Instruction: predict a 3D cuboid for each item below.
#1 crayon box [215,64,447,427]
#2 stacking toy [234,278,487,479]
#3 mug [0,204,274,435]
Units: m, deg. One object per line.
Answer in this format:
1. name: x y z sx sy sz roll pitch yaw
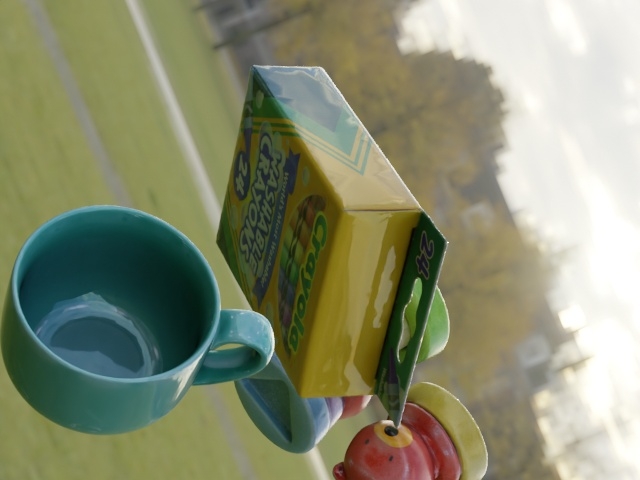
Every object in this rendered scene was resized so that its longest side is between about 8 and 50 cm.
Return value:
1. crayon box: 0.000 0.000 1.807 0.323 0.083 0.203 -123 -141 -51
2. stacking toy: 0.010 0.133 2.026 0.309 0.130 0.279 23 -46 44
3. mug: -0.125 0.065 1.229 0.158 0.129 0.097 38 -36 9
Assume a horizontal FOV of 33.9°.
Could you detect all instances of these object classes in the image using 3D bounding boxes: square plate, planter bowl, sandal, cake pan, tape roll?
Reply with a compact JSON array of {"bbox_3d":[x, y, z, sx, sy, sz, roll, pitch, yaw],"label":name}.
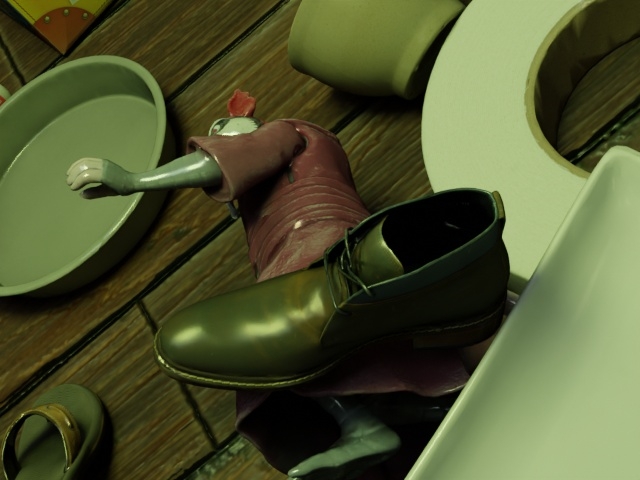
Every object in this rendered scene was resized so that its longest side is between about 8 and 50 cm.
[{"bbox_3d":[0.232,0.167,0.596,0.344,0.049,0.347,31,79,15],"label":"square plate"},{"bbox_3d":[0.063,-0.194,0.941,0.109,0.162,0.162,36,82,13],"label":"planter bowl"},{"bbox_3d":[-0.241,0.180,0.889,0.090,0.060,0.219,-21,23,13],"label":"sandal"},{"bbox_3d":[-0.273,-0.063,1.110,0.293,0.054,0.293,-15,54,22],"label":"cake pan"},{"bbox_3d":[0.266,-0.114,0.808,0.392,0.072,0.392,-16,54,23],"label":"tape roll"}]

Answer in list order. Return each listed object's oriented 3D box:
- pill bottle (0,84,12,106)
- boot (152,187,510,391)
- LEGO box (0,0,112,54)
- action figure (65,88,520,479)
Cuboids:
[{"bbox_3d":[-0.426,-0.115,1.213,0.087,0.087,0.160,14,70,37],"label":"pill bottle"},{"bbox_3d":[0.007,0.022,0.612,0.219,0.106,0.082,-11,53,-9],"label":"boot"},{"bbox_3d":[-0.299,-0.533,1.333,0.500,0.193,0.372,-49,49,-5],"label":"LEGO box"},{"bbox_3d":[0.000,0.000,0.779,0.276,0.248,0.370,-30,53,10],"label":"action figure"}]
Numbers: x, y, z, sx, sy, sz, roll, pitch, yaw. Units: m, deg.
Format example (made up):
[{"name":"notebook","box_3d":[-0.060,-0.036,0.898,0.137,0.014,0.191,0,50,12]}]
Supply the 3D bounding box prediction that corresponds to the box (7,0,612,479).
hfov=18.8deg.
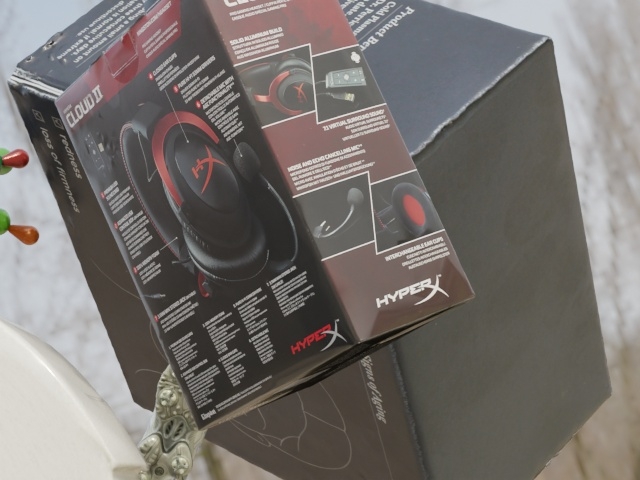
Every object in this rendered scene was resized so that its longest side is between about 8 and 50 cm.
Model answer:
[{"name":"box","box_3d":[0.000,0.000,1.962,0.297,0.472,0.480,-41,-44,-28]}]

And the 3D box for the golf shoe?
[{"name":"golf shoe","box_3d":[-0.121,0.148,1.740,0.176,0.069,0.086,-60,6,13]}]

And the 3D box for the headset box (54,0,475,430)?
[{"name":"headset box","box_3d":[-0.051,-0.046,1.310,0.110,0.293,0.218,-19,-9,-37]}]

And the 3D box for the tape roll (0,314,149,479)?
[{"name":"tape roll","box_3d":[-0.295,0.217,1.229,0.392,0.392,0.072,-21,-14,8]}]

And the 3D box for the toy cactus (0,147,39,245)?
[{"name":"toy cactus","box_3d":[-0.353,-0.044,1.934,0.219,0.112,0.180,-48,-20,-44]}]

(Action item) Produce the lines from the first line of the entries through the line that contains "- action figure (65,88,520,479)", exactly, leaving the pictures behind.

(Answer section)
Instruction: predict a 3D cuboid for each item below.
#1 crayon box [215,64,447,427]
#2 stacking toy [234,278,487,479]
#3 mug [0,204,274,435]
Units: m, deg. One object per line.
Answer in this format:
1. name: x y z sx sy sz roll pitch yaw
Every object in this rendered scene was resized so that its longest side is between about 8 and 50 cm.
Return value:
1. crayon box: 0.000 0.000 1.807 0.323 0.083 0.203 -123 -141 -51
2. stacking toy: 0.010 0.133 2.026 0.309 0.130 0.279 23 -46 44
3. mug: -0.125 0.065 1.229 0.158 0.129 0.097 38 -36 9
Assume a horizontal FOV of 33.9°.
Could you detect all instances of these object classes in the image using 3D bounding boxes: square plate, planter bowl, sandal, cake pan, tape roll?
Reply with a compact JSON array of {"bbox_3d":[x, y, z, sx, sy, sz, roll, pitch, yaw],"label":name}.
Every object in this rendered scene was resized so that its longest side is between about 8 and 50 cm.
[{"bbox_3d":[0.232,0.167,0.596,0.344,0.049,0.347,31,79,15],"label":"square plate"},{"bbox_3d":[0.063,-0.194,0.941,0.109,0.162,0.162,36,82,13],"label":"planter bowl"},{"bbox_3d":[-0.241,0.180,0.889,0.090,0.060,0.219,-21,23,13],"label":"sandal"},{"bbox_3d":[-0.273,-0.063,1.110,0.293,0.054,0.293,-15,54,22],"label":"cake pan"},{"bbox_3d":[0.266,-0.114,0.808,0.392,0.072,0.392,-16,54,23],"label":"tape roll"}]

Answer in list order. Return each listed object's oriented 3D box:
- pill bottle (0,84,12,106)
- boot (152,187,510,391)
- LEGO box (0,0,112,54)
- action figure (65,88,520,479)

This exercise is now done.